(Dataset entries Opens)

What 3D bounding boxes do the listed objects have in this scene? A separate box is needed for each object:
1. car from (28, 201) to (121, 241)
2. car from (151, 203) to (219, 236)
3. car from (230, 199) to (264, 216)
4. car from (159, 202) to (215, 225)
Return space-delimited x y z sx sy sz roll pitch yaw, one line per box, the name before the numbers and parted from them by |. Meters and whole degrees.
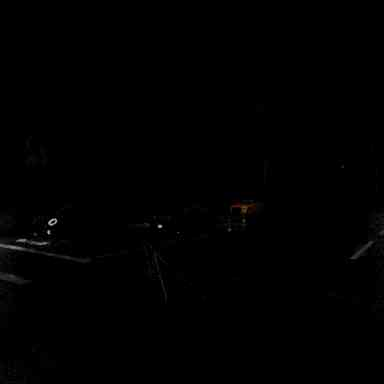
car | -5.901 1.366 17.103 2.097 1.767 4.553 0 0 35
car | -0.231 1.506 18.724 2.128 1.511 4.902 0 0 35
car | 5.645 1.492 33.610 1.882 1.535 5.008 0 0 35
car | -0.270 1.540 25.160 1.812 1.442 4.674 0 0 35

(Dataset entries Closes)
(Dataset entries Opens)

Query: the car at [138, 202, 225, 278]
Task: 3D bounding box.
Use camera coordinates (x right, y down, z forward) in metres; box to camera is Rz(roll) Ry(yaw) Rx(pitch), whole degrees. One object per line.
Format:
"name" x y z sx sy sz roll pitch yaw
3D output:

(Dataset entries Closes)

Could you return the lines in the entries above that contain "bounding"?

What 3D bounding boxes do the listed objects have in this scene? A separate box is needed for each object:
Task: 3D bounding box.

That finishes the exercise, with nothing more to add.